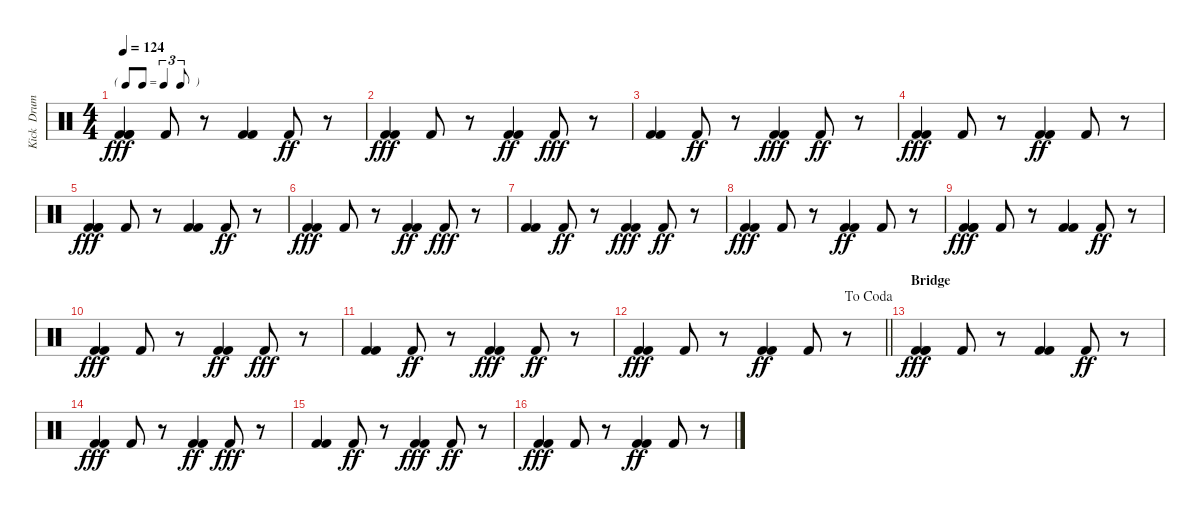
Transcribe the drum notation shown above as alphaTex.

\track ("Kick  Drum" "Kick  Drum") {instrument percussion}
\staff {score}
\articulation defaults
\ts (4 4)
\tf triplet8th
\tempo 124
\clef neutral
\ks c
("Kick (hit) 2" "Kick (hit) 2" "Kick (hit) 2").4{dy fff} "Kick (hit) 2".8 r.8 ("Kick (hit) 2" "Kick (hit) 2").4 "Kick (hit) 2".8{dy ff} r.8 |
("Kick (hit) 2" "Kick (hit) 2").4{dy fff} "Kick (hit) 2".8 r.8 ("Kick (hit) 2" "Kick (hit) 2").4{dy ff} "Kick (hit) 2".8{dy fff} r.8 |
("Kick (hit) 2" "Kick (hit) 2").4 "Kick (hit) 2".8{dy ff} r.8 ("Kick (hit) 2" "Kick (hit) 2").4{dy fff} "Kick (hit) 2".8{dy ff} r.8 |
("Kick (hit) 2" "Kick (hit) 2").4{dy fff} "Kick (hit) 2".8 r.8 ("Kick (hit) 2" "Kick (hit) 2").4{dy ff} "Kick (hit) 2".8 r.8 |
("Kick (hit) 2" "Kick (hit) 2" "Kick (hit) 2").4{dy fff} "Kick (hit) 2".8 r.8 ("Kick (hit) 2" "Kick (hit) 2").4 "Kick (hit) 2".8{dy ff} r.8 |
("Kick (hit) 2" "Kick (hit) 2").4{dy fff} "Kick (hit) 2".8 r.8 ("Kick (hit) 2" "Kick (hit) 2").4{dy ff} "Kick (hit) 2".8{dy fff} r.8 |
("Kick (hit) 2" "Kick (hit) 2").4 "Kick (hit) 2".8{dy ff} r.8 ("Kick (hit) 2" "Kick (hit) 2").4{dy fff} "Kick (hit) 2".8{dy ff} r.8 |
("Kick (hit) 2" "Kick (hit) 2").4{dy fff} "Kick (hit) 2".8 r.8 ("Kick (hit) 2" "Kick (hit) 2").4{dy ff} "Kick (hit) 2".8 r.8 |
("Kick (hit) 2" "Kick (hit) 2" "Kick (hit) 2").4{dy fff} "Kick (hit) 2".8 r.8 ("Kick (hit) 2" "Kick (hit) 2").4 "Kick (hit) 2".8{dy ff} r.8 |
("Kick (hit) 2" "Kick (hit) 2").4{dy fff} "Kick (hit) 2".8 r.8 ("Kick (hit) 2" "Kick (hit) 2").4{dy ff} "Kick (hit) 2".8{dy fff} r.8 |
("Kick (hit) 2" "Kick (hit) 2").4 "Kick (hit) 2".8{dy ff} r.8 ("Kick (hit) 2" "Kick (hit) 2").4{dy fff} "Kick (hit) 2".8{dy ff} r.8 |
\jump dacoda
\barLineRight lightlight
("Kick (hit) 2" "Kick (hit) 2").4{dy fff} "Kick (hit) 2".8 r.8 ("Kick (hit) 2" "Kick (hit) 2").4{dy ff} "Kick (hit) 2".8 r.8 |
\section ("" "Bridge")
("Kick (hit) 2" "Kick (hit) 2" "Kick (hit) 2").4{dy fff} "Kick (hit) 2".8 r.8 ("Kick (hit) 2" "Kick (hit) 2").4 "Kick (hit) 2".8{dy ff} r.8 |
("Kick (hit) 2" "Kick (hit) 2").4{dy fff} "Kick (hit) 2".8 r.8 ("Kick (hit) 2" "Kick (hit) 2").4{dy ff} "Kick (hit) 2".8{dy fff} r.8 |
("Kick (hit) 2" "Kick (hit) 2").4 "Kick (hit) 2".8{dy ff} r.8 ("Kick (hit) 2" "Kick (hit) 2").4{dy fff} "Kick (hit) 2".8{dy ff} r.8 |
("Kick (hit) 2" "Kick (hit) 2").4{dy fff} "Kick (hit) 2".8 r.8 ("Kick (hit) 2" "Kick (hit) 2").4{dy ff} "Kick (hit) 2".8 r.8

## Task instructions
Would you restate the listing word for word without its pictures?

## Result of the task
Transcribe the drum notation shown above as alphaTex.

\track ("Kick  Drum" "Kick  Drum") {instrument percussion}
\staff {score}
\articulation defaults
\ts (4 4)
\tf triplet8th
\tempo 124
\clef neutral
\ks c
("Kick (hit) 2" "Kick (hit) 2" "Kick (hit) 2").4{dy fff} "Kick (hit) 2".8 r.8 ("Kick (hit) 2" "Kick (hit) 2").4 "Kick (hit) 2".8{dy ff} r.8 |
("Kick (hit) 2" "Kick (hit) 2").4{dy fff} "Kick (hit) 2".8 r.8 ("Kick (hit) 2" "Kick (hit) 2").4{dy ff} "Kick (hit) 2".8{dy fff} r.8 |
("Kick (hit) 2" "Kick (hit) 2").4 "Kick (hit) 2".8{dy ff} r.8 ("Kick (hit) 2" "Kick (hit) 2").4{dy fff} "Kick (hit) 2".8{dy ff} r.8 |
("Kick (hit) 2" "Kick (hit) 2").4{dy fff} "Kick (hit) 2".8 r.8 ("Kick (hit) 2" "Kick (hit) 2").4{dy ff} "Kick (hit) 2".8 r.8 |
("Kick (hit) 2" "Kick (hit) 2" "Kick (hit) 2").4{dy fff} "Kick (hit) 2".8 r.8 ("Kick (hit) 2" "Kick (hit) 2").4 "Kick (hit) 2".8{dy ff} r.8 |
("Kick (hit) 2" "Kick (hit) 2").4{dy fff} "Kick (hit) 2".8 r.8 ("Kick (hit) 2" "Kick (hit) 2").4{dy ff} "Kick (hit) 2".8{dy fff} r.8 |
("Kick (hit) 2" "Kick (hit) 2").4 "Kick (hit) 2".8{dy ff} r.8 ("Kick (hit) 2" "Kick (hit) 2").4{dy fff} "Kick (hit) 2".8{dy ff} r.8 |
("Kick (hit) 2" "Kick (hit) 2").4{dy fff} "Kick (hit) 2".8 r.8 ("Kick (hit) 2" "Kick (hit) 2").4{dy ff} "Kick (hit) 2".8 r.8 |
("Kick (hit) 2" "Kick (hit) 2" "Kick (hit) 2").4{dy fff} "Kick (hit) 2".8 r.8 ("Kick (hit) 2" "Kick (hit) 2").4 "Kick (hit) 2".8{dy ff} r.8 |
("Kick (hit) 2" "Kick (hit) 2").4{dy fff} "Kick (hit) 2".8 r.8 ("Kick (hit) 2" "Kick (hit) 2").4{dy ff} "Kick (hit) 2".8{dy fff} r.8 |
("Kick (hit) 2" "Kick (hit) 2").4 "Kick (hit) 2".8{dy ff} r.8 ("Kick (hit) 2" "Kick (hit) 2").4{dy fff} "Kick (hit) 2".8{dy ff} r.8 |
\jump dacoda
\barLineRight lightlight
("Kick (hit) 2" "Kick (hit) 2").4{dy fff} "Kick (hit) 2".8 r.8 ("Kick (hit) 2" "Kick (hit) 2").4{dy ff} "Kick (hit) 2".8 r.8 |
\section ("" "Bridge")
("Kick (hit) 2" "Kick (hit) 2" "Kick (hit) 2").4{dy fff} "Kick (hit) 2".8 r.8 ("Kick (hit) 2" "Kick (hit) 2").4 "Kick (hit) 2".8{dy ff} r.8 |
("Kick (hit) 2" "Kick (hit) 2").4{dy fff} "Kick (hit) 2".8 r.8 ("Kick (hit) 2" "Kick (hit) 2").4{dy ff} "Kick (hit) 2".8{dy fff} r.8 |
("Kick (hit) 2" "Kick (hit) 2").4 "Kick (hit) 2".8{dy ff} r.8 ("Kick (hit) 2" "Kick (hit) 2").4{dy fff} "Kick (hit) 2".8{dy ff} r.8 |
("Kick (hit) 2" "Kick (hit) 2").4{dy fff} "Kick (hit) 2".8 r.8 ("Kick (hit) 2" "Kick (hit) 2").4{dy ff} "Kick (hit) 2".8 r.8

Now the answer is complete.